Not a one was a useful as the jogging app I have on my phone.

And when we're out jogging, I listen to music, or streaming radio...on my
phone. And oh yeah, if it's late and I'm going through the local woods, my
phone has an app that turns it into a flashlight.

And now suddenly a bit of enlightenment hit us. A modern smartphone replaces a
great many discrete devices that we used to have to carry around, or at least
store someplace:

Common uses for our phones:

1) A portable phone

2) A small portable computer

3) An address book (yes, I used to carry one around with my old non-smart
phone)

4) A map book

5) A GPS

6) An mp3/music player

7) A radio (fm tuner, but more importantly streaming radio, flipping through
global stations on my phone reminded my of being 9 with a shortwave receiver
and picking up broadcasts of Voice of America going into Europe)

8) A flashlight

9) A pedometer

10) A portable book (actually a library)

11) A thumb drive

12) A portable translator

13) A portable gaming device

14) A camera

15) A videocamera

16) Alarm clock

17) Portable calculator

18) Barcode scanner

19) A wifi signal scanner

20) Portable movie player

21) Starbucks card

And a few others...

And suddenly all that junk is in one device, a _backpack_ full of stuff.

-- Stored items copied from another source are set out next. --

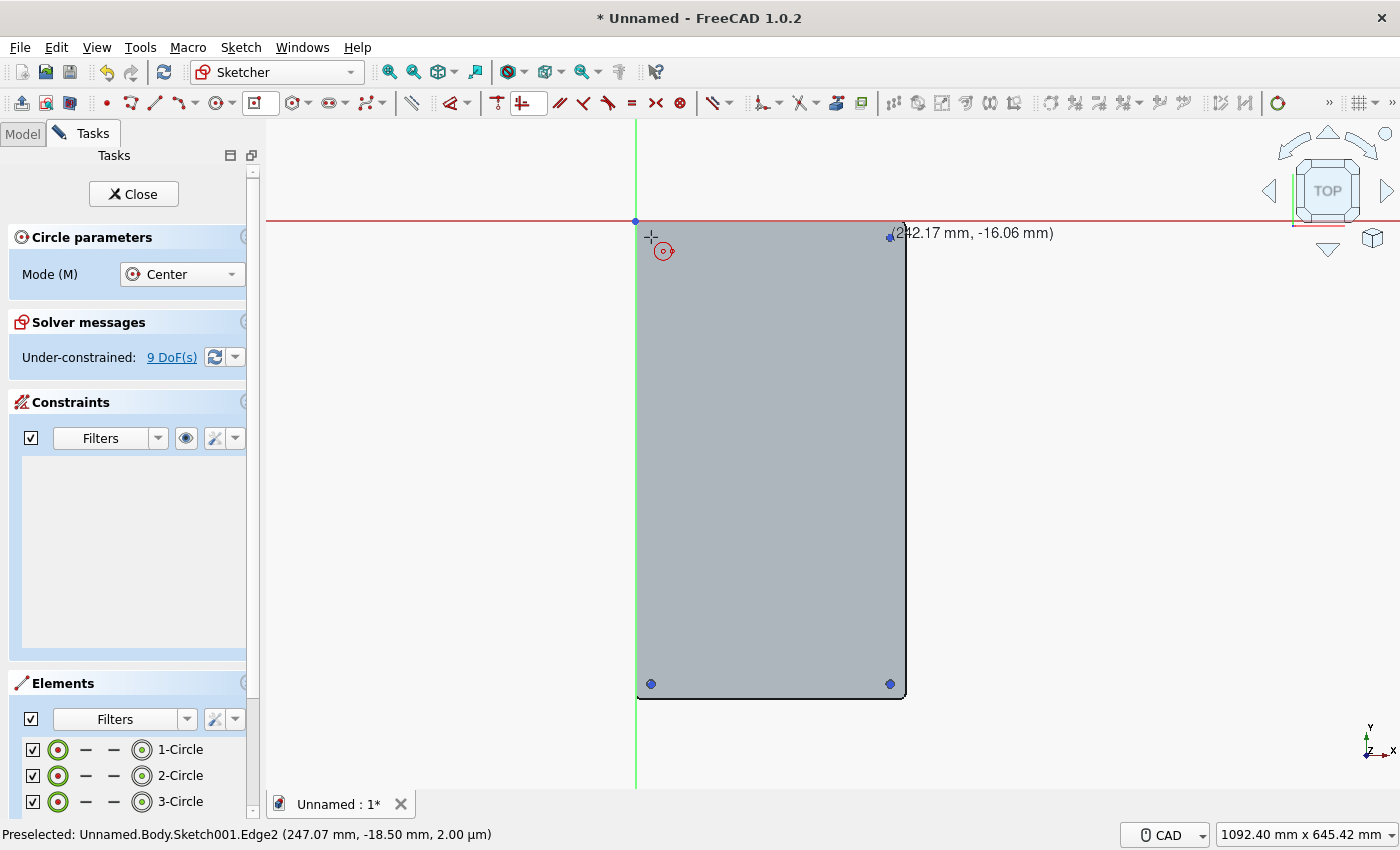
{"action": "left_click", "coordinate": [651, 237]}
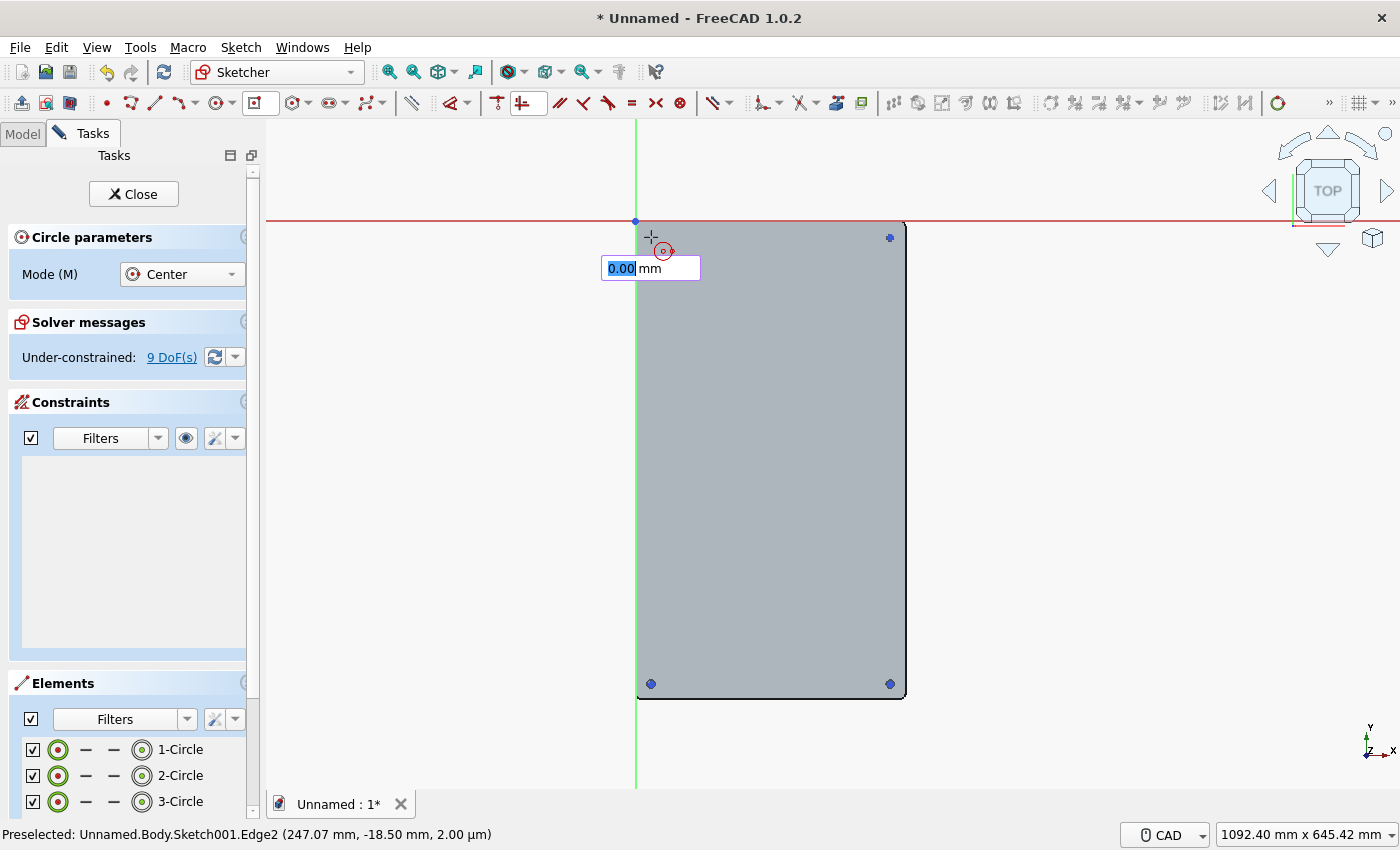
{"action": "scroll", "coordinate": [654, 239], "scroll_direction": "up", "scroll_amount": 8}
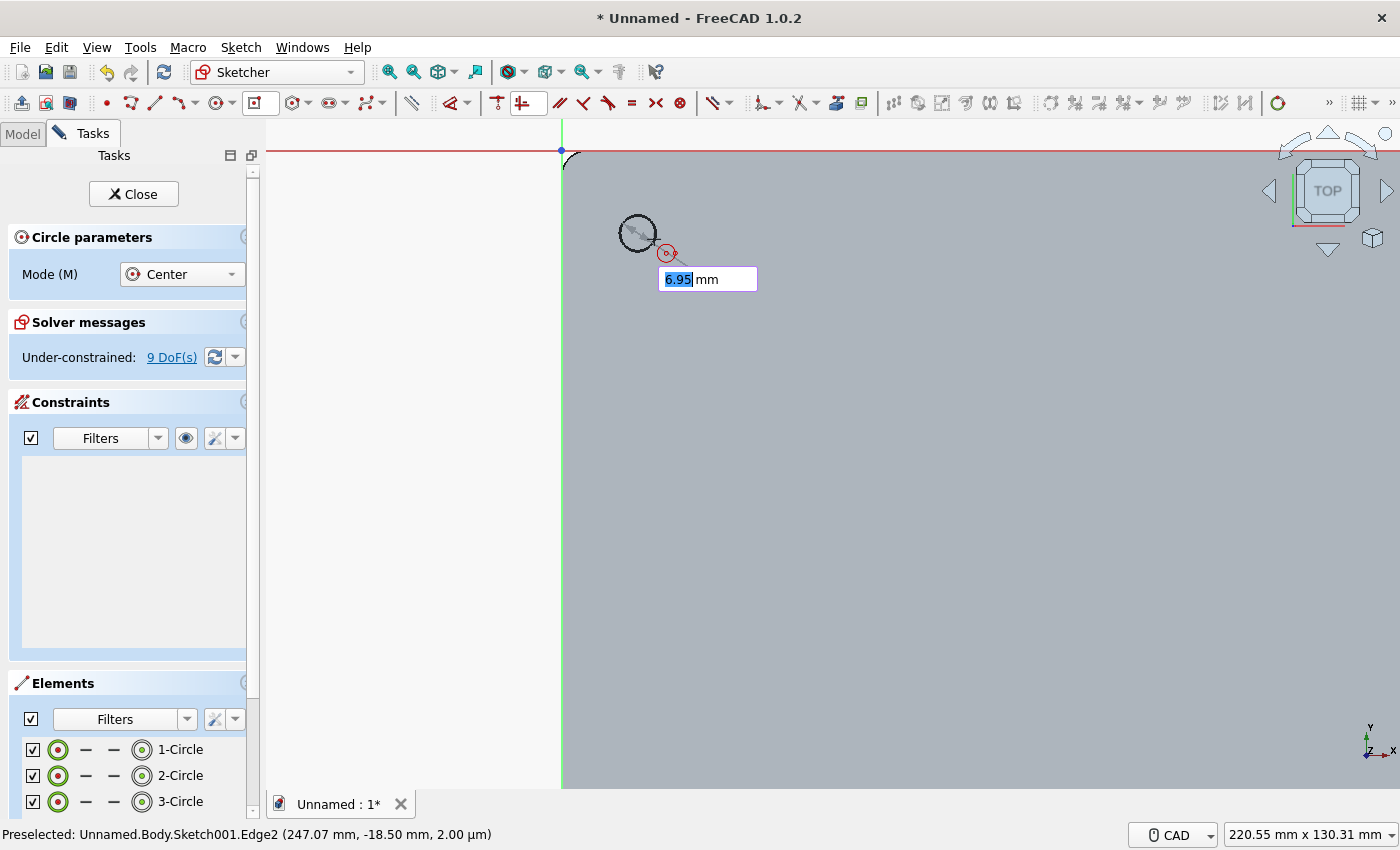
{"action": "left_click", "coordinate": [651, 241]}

Coming up this year they're going to be useful as credit cards, business
cards, some have projectors on them, better optics and I can junk my
binoculars, a decent way to hook up a keyboard and monitor (it can already act
as it's own trackpad, oh I forgot to mention that, I can use it as a trackpad
on my computer) and I can junk my laptop for 85% of what I do.

These aren't phones, these are some kind of sci-fi multi-tool. We're ending up
in a measure of minimalism de facto just by having more versatile stuff.

So yeah, looking around my house, I could probably ditch a _ton_ of stuff (I
mean literally, I have several full bookshelves I could potentially replace)
and not miss it.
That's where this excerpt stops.